When you say "feelings of disgust", I hear "thoughts of disgust", because that's the way it usually is. Feelings are manifestations of thoughts. And you have mentioned that your self-talk is about "it was not like me". What this tells me is that probably you may need to work on unconditional self-acceptance. What it means is you are comfortable with yourself, accept yourself as you are, in spite of doing something which is not like you.
When you think of the event and say "this was not like me", you probably attach some meanings to this, which appear to be self-evaluative inferences. And inferences can be wrong. But again, if can be OK with yourself in spite of not being up to your own standards sometimes, you are already on the road to recovery.
In the process of psychotherapy (if REBT or CBT), you will be able to explore those self-evaluative inferences and going deeper, your inner core beliefs. And some of those beliefs might be irrational and "demands". One such demanding belief can be "I must never ever do anything that's not up to my own standards".
At this point, it seems relevant to see how long this process might take. As you have mentioned, you have been with these feelings for a long time. But this doesn't necessarily mean it will take longer than usual to undo all that. The process might take its time, but it won't be because of the long term problem. I would mostly be because of the amount of work you might need to do. But I can assure you that once you start getting more and more insights into how you can change the way you feel by modifying how you think about the events, you will be more excited and motivated to carry on.
The idea of a long term damage is most probably just an idea, arising out of the anxiety about possible difficulties you might face during therapy. The "long term" is actually a repetition of the same thought process leading to emotional disturbances. And it appears a long duration to you in the present as you reflect upon the past. But what actually happens is the same thoughts and perceptions are repeated. And so, in the present, what you need to focus on is the thought process, and not on how long this has been going on. It'll help to free yourself from this additional anxiety.
What could take time is the process of identifying underlying fears, wrong and evaluative inferences, meaning, inner demands, etc.
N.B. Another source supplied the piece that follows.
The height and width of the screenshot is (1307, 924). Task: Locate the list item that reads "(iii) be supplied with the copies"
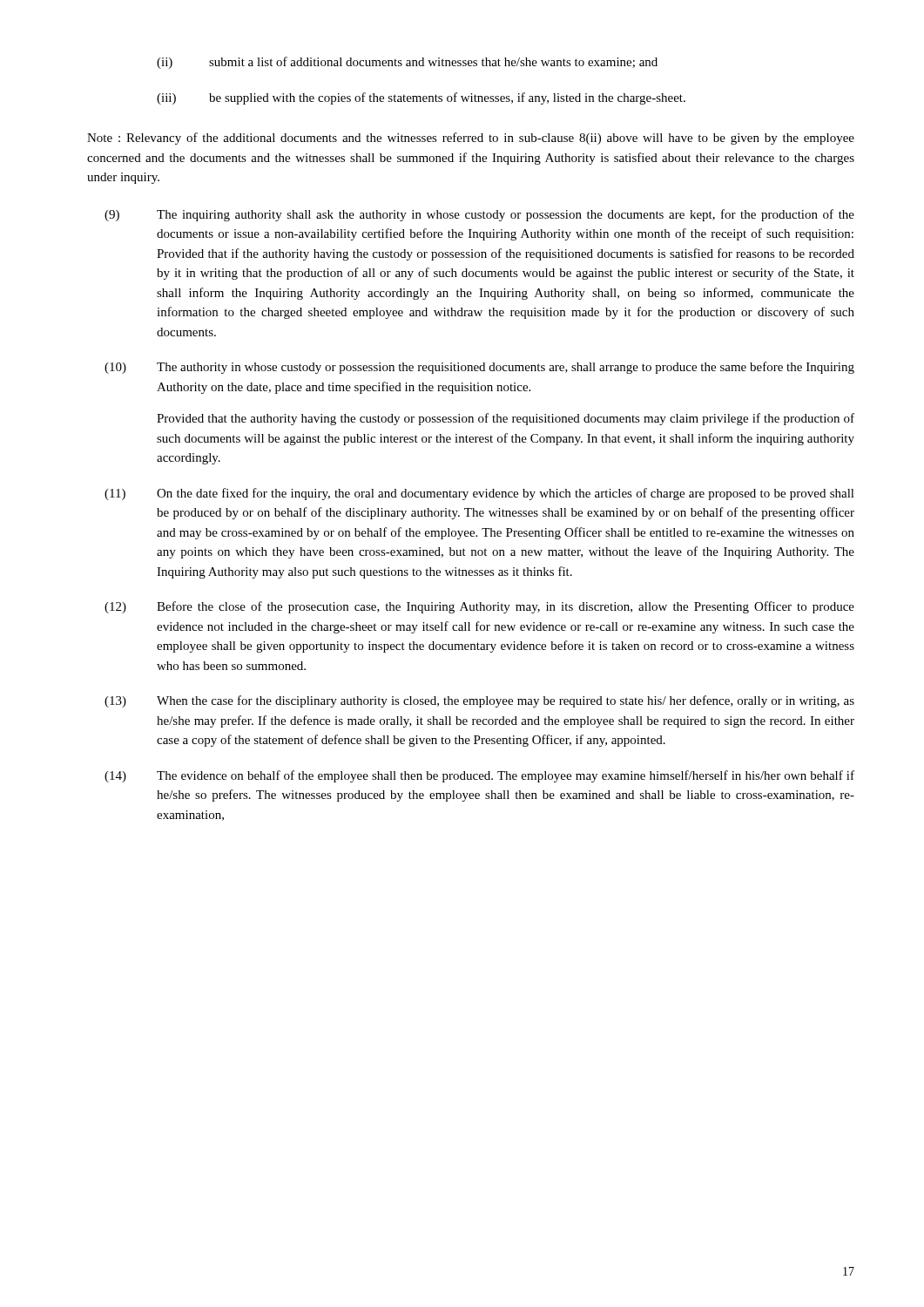pyautogui.click(x=471, y=97)
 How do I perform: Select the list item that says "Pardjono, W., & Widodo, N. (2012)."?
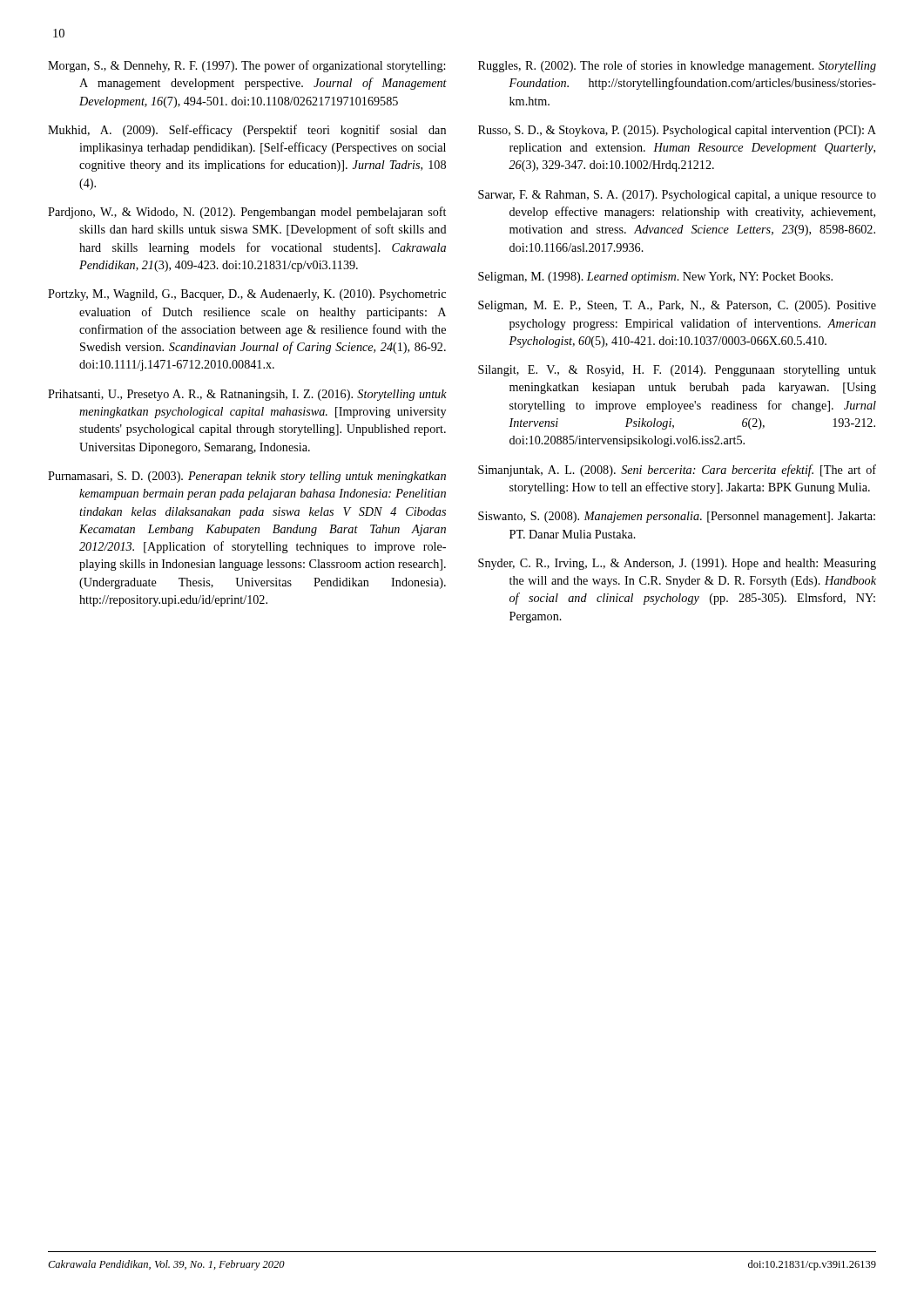point(247,238)

All these are actually repeatedly being triggered by those memories. And it is reasonable to say that memories may not be erased. But the self-evaluative thoughts can be modified, so that you won't disturb yourself anymore in spite of the recollections of the past. This is the aim of psychotherapy.
Yes, during the therapy process, you might experience emotional turbulence as more and more inner beliefs are being explored. There might be some thoughts you never knew you had. But if you look at it closely, the actual situation has not worsened, your memories have not changed, and the past events have not worsened. What is changing is your current perception of the past events and of your thoughts about them. Things might 'seem' to be getting worse, but it's a process of change.
Hope this answers some of your queries. Take care.